Take the following query as an example:

```sql {% title="Different alias in SELECT and GROUP BY" %}
SELECT
    key,
    multiIf(value = 0, 'isZero', 'isNotZero') as zero,
    sum(amount) as amount
FROM ds
GROUP BY key, value
```

The previous query results in the following error:

`Column 'value' is present in the GROUP BY but not in the SELECT clause`

To fix this, use the same alias in the `GROUP BY`:

```sql {% title="GOOD: same alias in SELECT and GROUP BY" %}
SELECT
    key,
    multiIf(value = 0, 'isZero', 'isNotZero') as zero,
    sum(amount) as amount
FROM ds
GROUP BY key, zero
```

## Don't use nested GROUP BYs

Don't use nested `GROUP BY` clauses in the Pipe that creates a Materialized View. While nested aggregations are possible, Materialized Views are processed in independent blocks, and this might yield unexpected results. Tinybird restricts these behaviors and throws an error when they're detected to avoid inaccurate results.

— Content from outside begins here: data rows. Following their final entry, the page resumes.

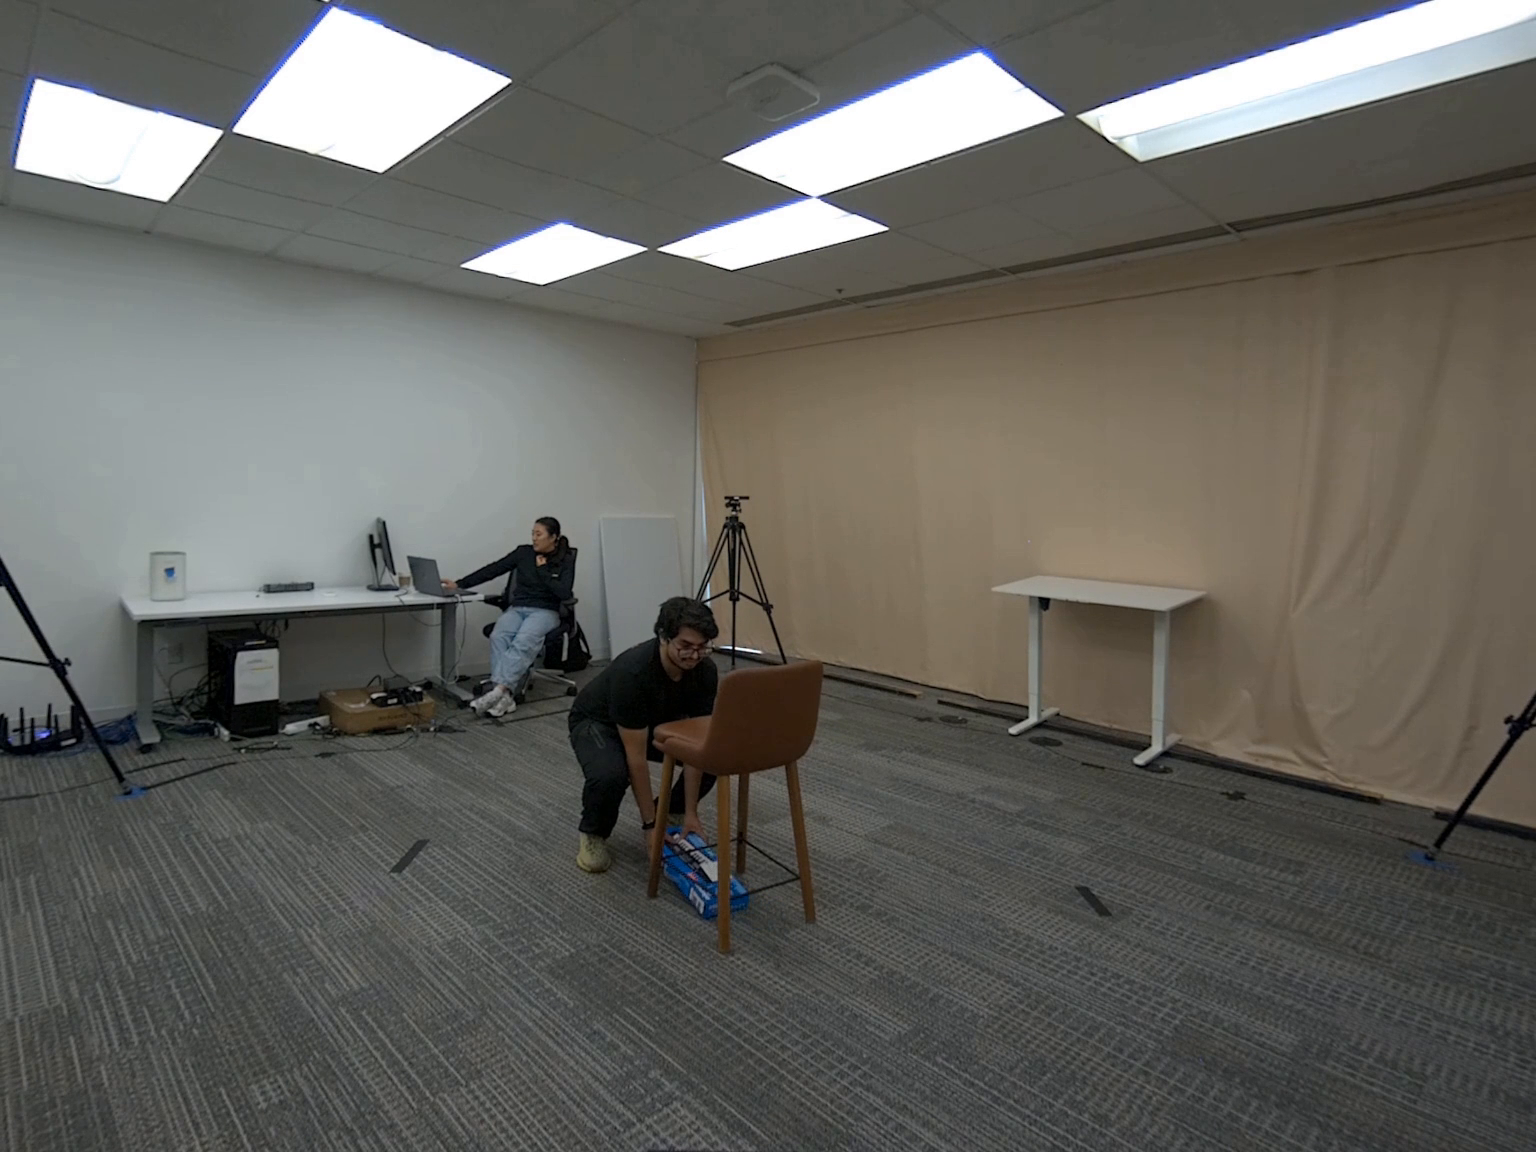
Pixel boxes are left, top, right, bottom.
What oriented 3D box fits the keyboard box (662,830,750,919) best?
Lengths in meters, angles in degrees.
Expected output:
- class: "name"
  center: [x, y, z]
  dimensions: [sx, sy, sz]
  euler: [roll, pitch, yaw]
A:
- class: "keyboard box"
  center: [-0.269, 1.055, 2.976]
  dimensions: [0.172, 0.059, 0.450]
  euler: [2, 14, -34]
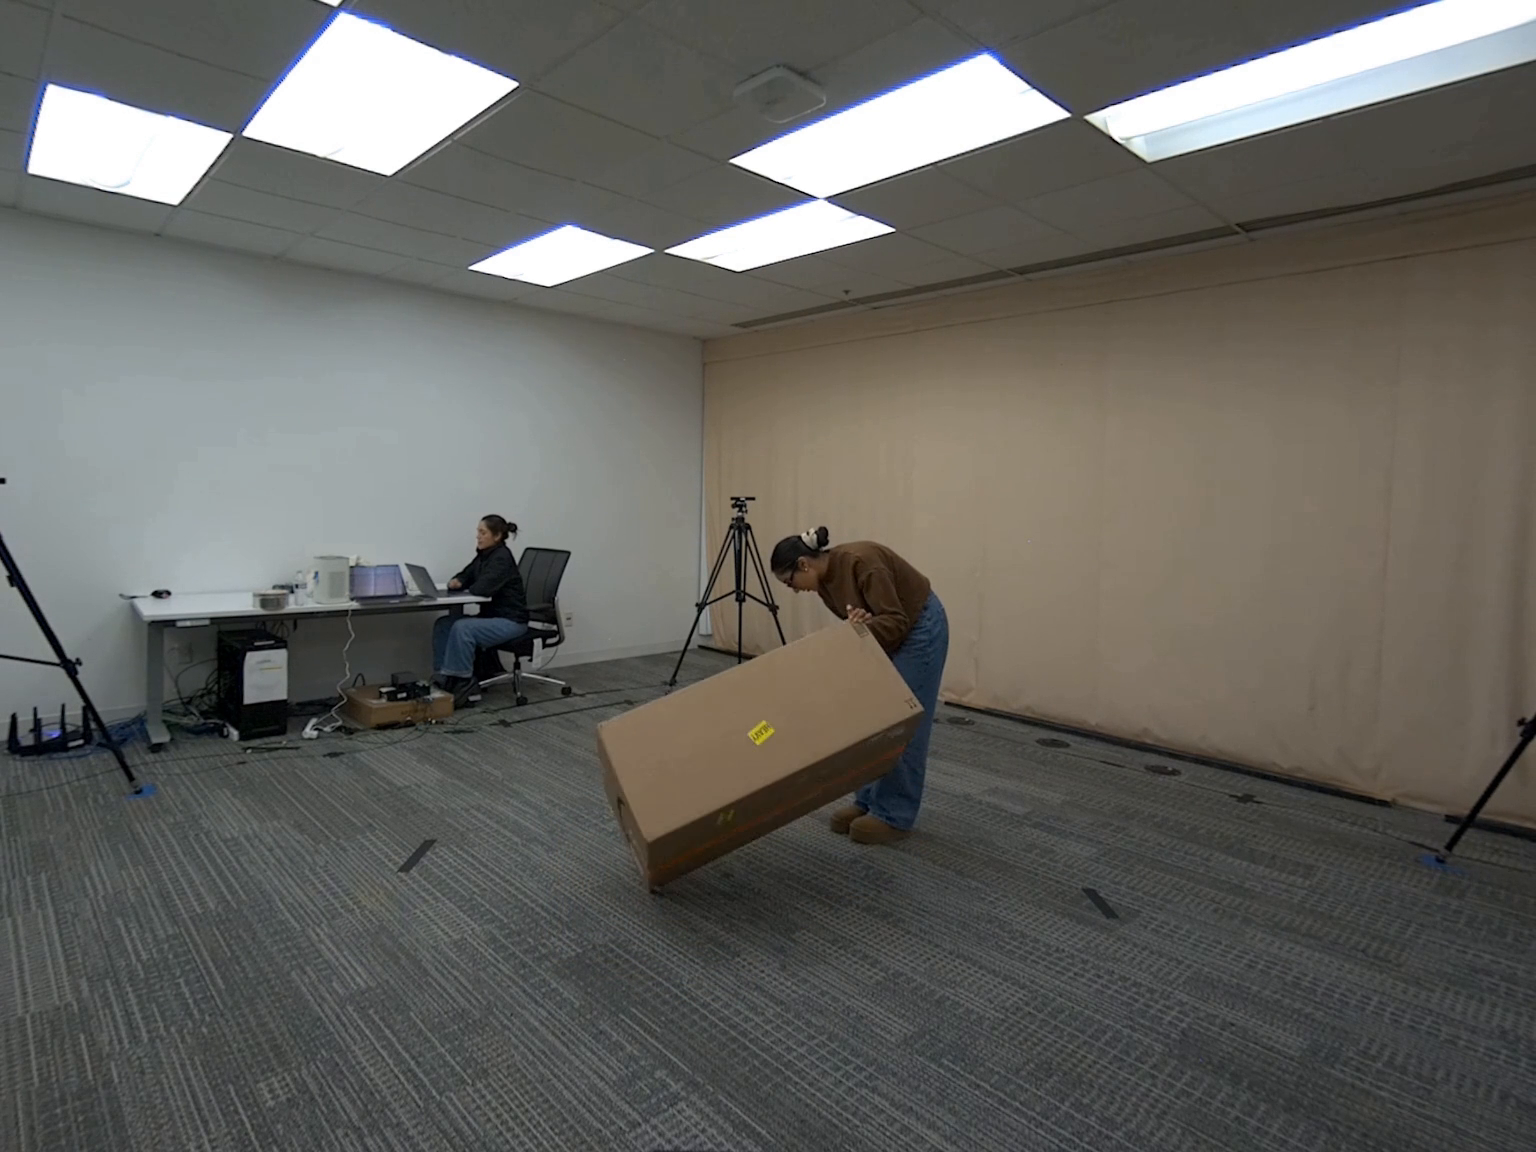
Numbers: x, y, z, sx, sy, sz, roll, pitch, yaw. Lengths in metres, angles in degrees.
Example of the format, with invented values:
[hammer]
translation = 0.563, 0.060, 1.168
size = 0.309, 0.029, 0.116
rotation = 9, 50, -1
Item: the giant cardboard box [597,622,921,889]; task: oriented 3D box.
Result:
[giant cardboard box]
translation = -0.051, 0.632, 3.005
size = 1.018, 0.459, 0.574
rotation = -21, -29, -20

Consider the following query with nested `GROUP BY` clauses:

```sql {% title="Nested GROUP BY in Pipe" %}
SELECT
    product,
    count() as c
FROM (
    SELECT
        key,
        product,
        count() as orders
    FROM ds
    GROUP BY key, product
)
GROUP BY product
```

The previous query throws the following error:

```
Columns 'key, product' are present in the GROUP BY but not in the SELECT clause
```

To fix this, make sure you don't nest `GROUP BY` clauses:

```sql {% title="Single GROUP BY" %}
SELECT
    key,
    product,
    count() as orders
FROM ds
GROUP BY key, product
```

## Avoid big scans

Avoid big scans in Materialized Views. When using JOINs, do them with a subquery to the Data Source you join to, not the whole Data Source.